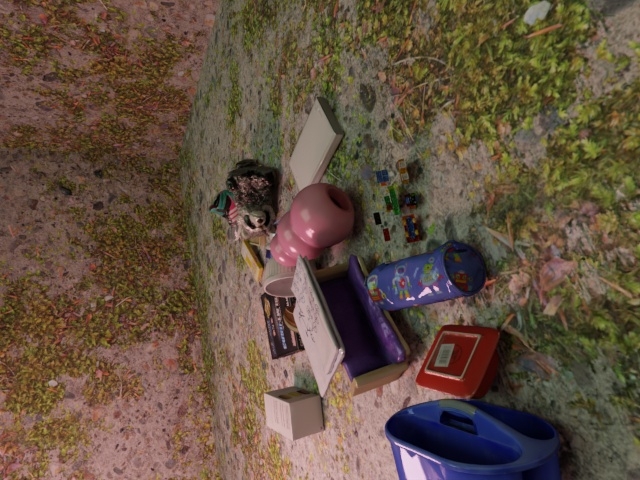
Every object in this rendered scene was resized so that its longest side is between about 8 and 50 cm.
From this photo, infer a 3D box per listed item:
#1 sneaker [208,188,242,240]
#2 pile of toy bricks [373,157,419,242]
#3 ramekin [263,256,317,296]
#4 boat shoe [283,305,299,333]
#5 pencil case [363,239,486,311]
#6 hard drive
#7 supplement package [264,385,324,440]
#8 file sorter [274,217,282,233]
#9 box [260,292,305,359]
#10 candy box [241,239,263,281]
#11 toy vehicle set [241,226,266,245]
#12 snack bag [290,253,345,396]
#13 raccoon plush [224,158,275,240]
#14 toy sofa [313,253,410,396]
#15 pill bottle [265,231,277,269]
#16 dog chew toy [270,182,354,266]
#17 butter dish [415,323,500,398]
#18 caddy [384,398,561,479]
[{"bbox_3d":[-0.519,-0.143,2.228,0.124,0.178,0.295,16,105,59],"label":"sneaker"},{"bbox_3d":[0.194,-0.097,1.070,0.105,0.118,0.212,-29,-72,-80],"label":"pile of toy bricks"},{"bbox_3d":[-0.108,0.124,1.499,0.207,0.207,0.109,-47,42,51],"label":"ramekin"},{"bbox_3d":[-0.015,0.278,1.437,0.324,0.123,0.119,16,100,51],"label":"boat shoe"},{"bbox_3d":[0.235,0.088,0.965,0.306,0.119,0.133,-28,70,57],"label":"pencil case"},{"bbox_3d":[-0.025,-0.332,1.486,0.307,0.040,0.203,-59,43,45],"label":"hard drive"},{"bbox_3d":[-0.107,0.663,1.583,0.244,0.139,0.133,-18,77,58],"label":"supplement package"},{"bbox_3d":[-0.112,0.001,1.590,0.118,0.104,0.170,-23,72,59],"label":"file sorter"},{"bbox_3d":[-0.150,0.333,1.714,0.293,0.073,0.295,-38,59,56],"label":"box"},{"bbox_3d":[-0.347,0.099,2.054,0.206,0.027,0.105,55,143,32],"label":"candy box"},{"bbox_3d":[-0.340,-0.066,2.060,0.267,0.035,0.166,10,100,60],"label":"toy vehicle set"},{"bbox_3d":[-0.025,0.262,1.224,0.342,0.037,0.323,103,150,-50],"label":"snack bag"},{"bbox_3d":[-0.292,-0.196,1.906,0.446,0.216,0.299,-87,-7,-66],"label":"raccoon plush"},{"bbox_3d":[0.095,0.225,1.146,0.177,0.150,0.362,94,156,-52],"label":"toy sofa"},{"bbox_3d":[-0.173,0.060,1.695,0.112,0.112,0.186,15,104,60],"label":"pill bottle"},{"bbox_3d":[-0.044,-0.032,1.317,0.332,0.207,0.206,-43,53,32],"label":"dog chew toy"},{"bbox_3d":[0.309,0.270,0.858,0.160,0.118,0.160,-56,21,-24],"label":"butter dish"},{"bbox_3d":[0.280,0.397,0.783,0.341,0.241,0.179,-17,82,59],"label":"caddy"}]
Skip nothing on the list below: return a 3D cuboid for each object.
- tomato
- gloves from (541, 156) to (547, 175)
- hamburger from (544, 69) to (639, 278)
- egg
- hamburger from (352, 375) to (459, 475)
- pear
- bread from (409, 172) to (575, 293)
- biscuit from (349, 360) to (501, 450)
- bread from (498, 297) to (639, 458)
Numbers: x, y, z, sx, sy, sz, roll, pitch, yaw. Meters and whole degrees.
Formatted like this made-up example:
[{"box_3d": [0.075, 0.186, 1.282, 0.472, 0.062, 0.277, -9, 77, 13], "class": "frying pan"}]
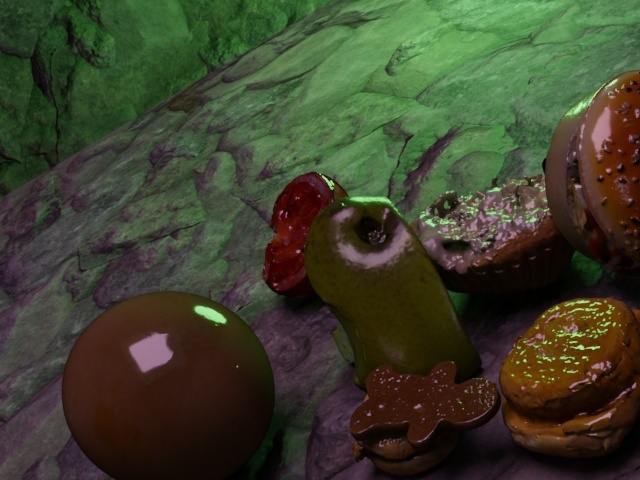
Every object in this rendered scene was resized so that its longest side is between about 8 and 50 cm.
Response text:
[{"box_3d": [0.000, 0.000, 1.883, 0.200, 0.139, 0.233, 1, 75, 56], "class": "tomato"}, {"box_3d": [0.471, -0.177, 1.761, 0.229, 0.097, 0.119, -50, -13, -18], "class": "gloves"}, {"box_3d": [0.460, -0.090, 1.428, 0.300, 0.300, 0.176, -42, 14, -20], "class": "hamburger"}, {"box_3d": [-0.236, 0.225, 1.560, 0.373, 0.301, 0.301, 3, 42, 47], "class": "egg"}, {"box_3d": [0.118, 0.253, 1.405, 0.147, 0.083, 0.138, -14, 28, 25], "class": "hamburger"}, {"box_3d": [0.078, 0.073, 1.530, 0.176, 0.282, 0.286, -28, 28, -5], "class": "pear"}, {"box_3d": [0.281, -0.007, 1.586, 0.274, 0.149, 0.274, -19, 23, 9], "class": "bread"}, {"box_3d": [0.139, 0.215, 1.334, 0.204, 0.031, 0.138, -8, 39, 34], "class": "biscuit"}, {"box_3d": [0.329, 0.166, 1.294, 0.198, 0.120, 0.236, -7, 33, 52], "class": "bread"}]

● PROBLEM DETAILS:
One exact copy of the data is required, and it should hold no pictures.

● EXERCISE ANSWER:
Every object in this rendered scene was resized so that its longest side is between about 8 and 50 cm.
From this photo, infer a 3D box per listed item:
#1 sneaker [208,188,242,240]
#2 pile of toy bricks [373,157,419,242]
#3 ramekin [263,256,317,296]
#4 boat shoe [283,305,299,333]
#5 pencil case [363,239,486,311]
#6 hard drive
#7 supplement package [264,385,324,440]
#8 file sorter [274,217,282,233]
#9 box [260,292,305,359]
#10 candy box [241,239,263,281]
#11 toy vehicle set [241,226,266,245]
#12 snack bag [290,253,345,396]
#13 raccoon plush [224,158,275,240]
#14 toy sofa [313,253,410,396]
#15 pill bottle [265,231,277,269]
#16 dog chew toy [270,182,354,266]
#17 butter dish [415,323,500,398]
#18 caddy [384,398,561,479]
[{"bbox_3d":[-0.519,-0.143,2.228,0.124,0.178,0.295,16,105,59],"label":"sneaker"},{"bbox_3d":[0.194,-0.097,1.070,0.105,0.118,0.212,-29,-72,-80],"label":"pile of toy bricks"},{"bbox_3d":[-0.108,0.124,1.499,0.207,0.207,0.109,-47,42,51],"label":"ramekin"},{"bbox_3d":[-0.015,0.278,1.437,0.324,0.123,0.119,16,100,51],"label":"boat shoe"},{"bbox_3d":[0.235,0.088,0.965,0.306,0.119,0.133,-28,70,57],"label":"pencil case"},{"bbox_3d":[-0.025,-0.332,1.486,0.307,0.040,0.203,-59,43,45],"label":"hard drive"},{"bbox_3d":[-0.107,0.663,1.583,0.244,0.139,0.133,-18,77,58],"label":"supplement package"},{"bbox_3d":[-0.112,0.001,1.590,0.118,0.104,0.170,-23,72,59],"label":"file sorter"},{"bbox_3d":[-0.150,0.333,1.714,0.293,0.073,0.295,-38,59,56],"label":"box"},{"bbox_3d":[-0.347,0.099,2.054,0.206,0.027,0.105,55,143,32],"label":"candy box"},{"bbox_3d":[-0.340,-0.066,2.060,0.267,0.035,0.166,10,100,60],"label":"toy vehicle set"},{"bbox_3d":[-0.025,0.262,1.224,0.342,0.037,0.323,103,150,-50],"label":"snack bag"},{"bbox_3d":[-0.292,-0.196,1.906,0.446,0.216,0.299,-87,-7,-66],"label":"raccoon plush"},{"bbox_3d":[0.095,0.225,1.146,0.177,0.150,0.362,94,156,-52],"label":"toy sofa"},{"bbox_3d":[-0.173,0.060,1.695,0.112,0.112,0.186,15,104,60],"label":"pill bottle"},{"bbox_3d":[-0.044,-0.032,1.317,0.332,0.207,0.206,-43,53,32],"label":"dog chew toy"},{"bbox_3d":[0.309,0.270,0.858,0.160,0.118,0.160,-56,21,-24],"label":"butter dish"},{"bbox_3d":[0.280,0.397,0.783,0.341,0.241,0.179,-17,82,59],"label":"caddy"}]
Skip nothing on the list below: return a 3D cuboid for each object.
- tomato
- gloves from (541, 156) to (547, 175)
- hamburger from (544, 69) to (639, 278)
- egg
- hamburger from (352, 375) to (459, 475)
- pear
- bread from (409, 172) to (575, 293)
- biscuit from (349, 360) to (501, 450)
- bread from (498, 297) to (639, 458)
Numbers: x, y, z, sx, sy, sz, roll, pitch, yaw. Meters and whole degrees.
Formatted like this made-up example:
[{"box_3d": [0.075, 0.186, 1.282, 0.472, 0.062, 0.277, -9, 77, 13], "class": "frying pan"}]
Every object in this rendered scene was resized so that its longest side is between about 8 and 50 cm.
Response text:
[{"box_3d": [0.000, 0.000, 1.883, 0.200, 0.139, 0.233, 1, 75, 56], "class": "tomato"}, {"box_3d": [0.471, -0.177, 1.761, 0.229, 0.097, 0.119, -50, -13, -18], "class": "gloves"}, {"box_3d": [0.460, -0.090, 1.428, 0.300, 0.300, 0.176, -42, 14, -20], "class": "hamburger"}, {"box_3d": [-0.236, 0.225, 1.560, 0.373, 0.301, 0.301, 3, 42, 47], "class": "egg"}, {"box_3d": [0.118, 0.253, 1.405, 0.147, 0.083, 0.138, -14, 28, 25], "class": "hamburger"}, {"box_3d": [0.078, 0.073, 1.530, 0.176, 0.282, 0.286, -28, 28, -5], "class": "pear"}, {"box_3d": [0.281, -0.007, 1.586, 0.274, 0.149, 0.274, -19, 23, 9], "class": "bread"}, {"box_3d": [0.139, 0.215, 1.334, 0.204, 0.031, 0.138, -8, 39, 34], "class": "biscuit"}, {"box_3d": [0.329, 0.166, 1.294, 0.198, 0.120, 0.236, -7, 33, 52], "class": "bread"}]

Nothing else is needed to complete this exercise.